ARC will require that all employees are vaccinated with exceptions for medical and religious accommodations. ARC may require proof of vaccination. This role may start as a remote position but will transition to a hybrid working arrangement of 40% on-site at our Newton office. Preference given to applicants located in Greater Boston Area.

Interview Process

Please note that we are currently conducting the majority of interviews and onboarding remotely and virtually.
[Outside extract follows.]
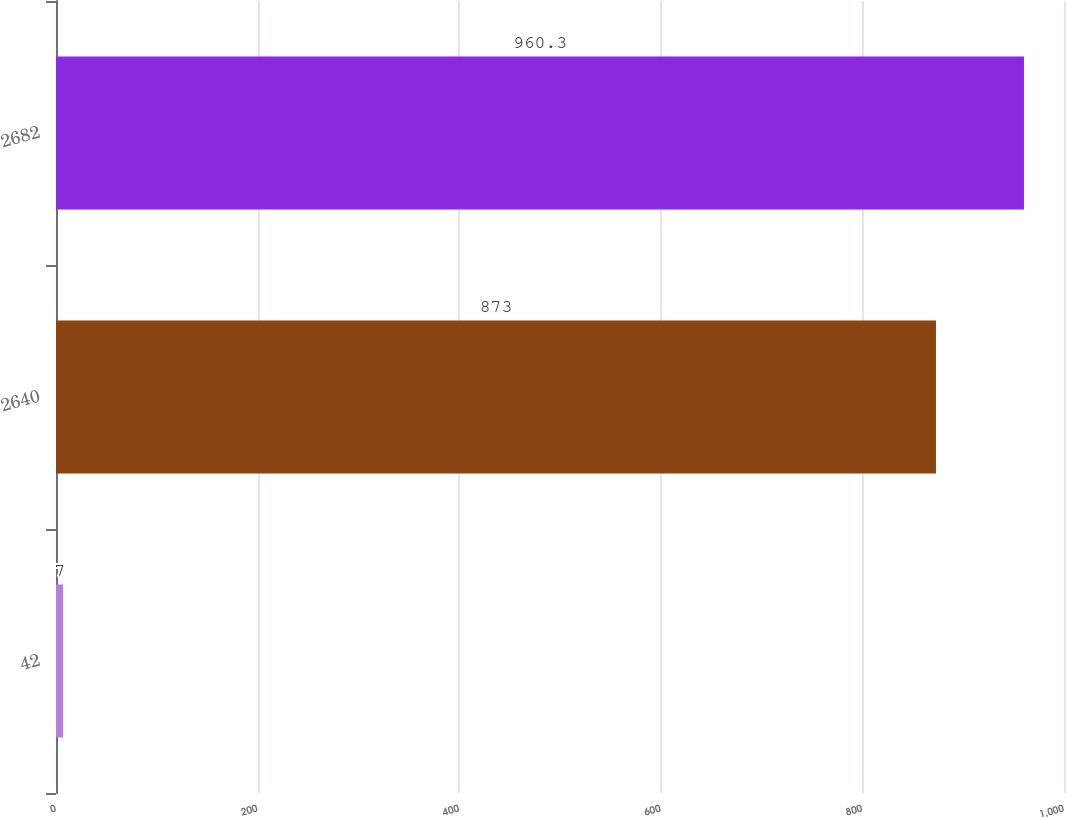Convert chart to OTSL. <chart><loc_0><loc_0><loc_500><loc_500><bar_chart><fcel>42<fcel>2640<fcel>2682<nl><fcel>7<fcel>873<fcel>960.3<nl></chart> 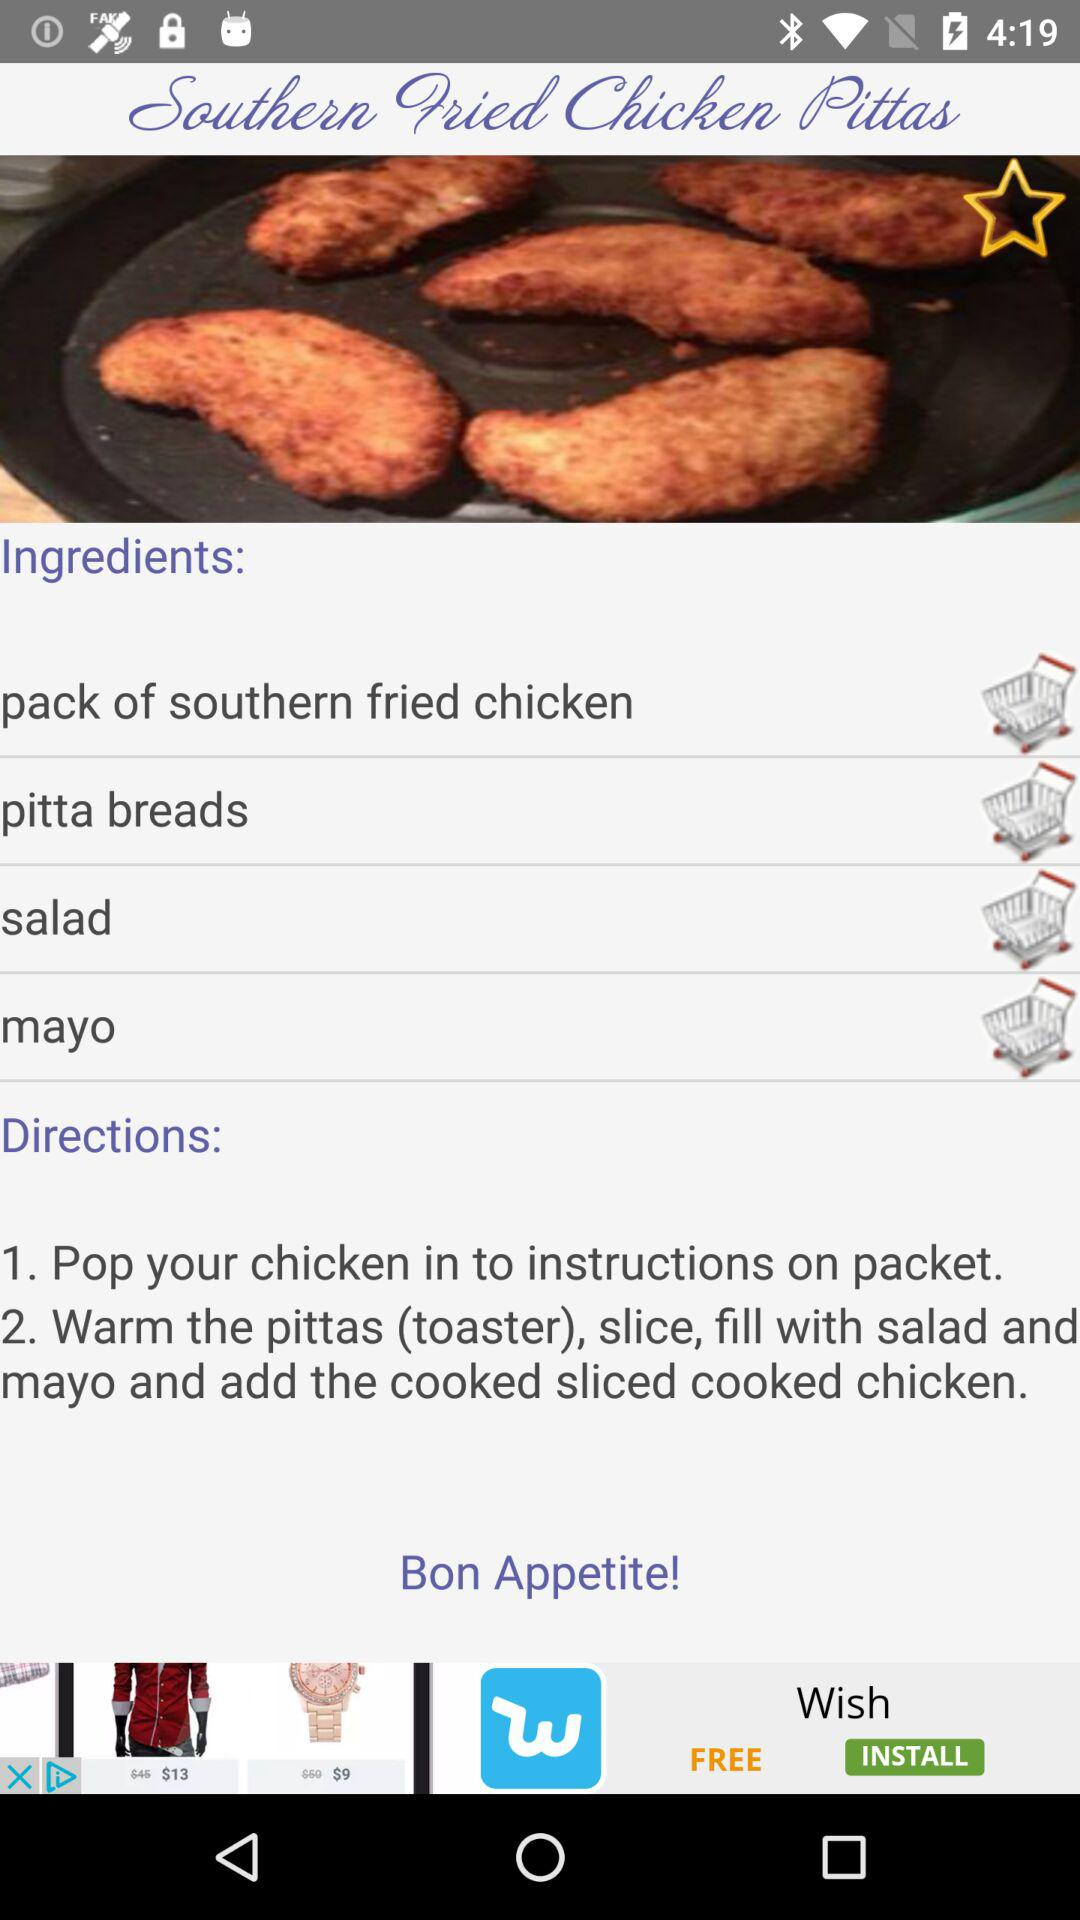What are the ingredients for the dish? The ingredients for the dish are pack of southern fried chicken, pitta breads, salad and mayo.

We appreciate your understanding.

Benefits Package

We offer a competitive benefits package including generous paid time off, health insurance, dental, vision, Long Term Disability, Life insurance, and more.

• Paid Time Off: Generous paid time off including holidays, sick leave, and vacation time.
• Medical/Dental/Vision: We offer a full range of contributory medical plans, dental & vision plans; all coverage begins as of your start date, no waiting period for new hires.
• Life/Disability: 100% employer-paid Life and AD&D plan, and Long-term Disability plan.
• Flexible Spending Accounts (FSA): Offer both Health FSA & Dependent Care FSA.
• Others such as Employee Assistance Program (EAP), Worker’s Compensation, and more.

Equal Employment Opportunity

We are proud to be an equal opportunity employer – and celebrate our employees’ differences, regardless of race, color, religion, gender, sexual orientation, gender identity, national origin, age, disability, or Veteran status.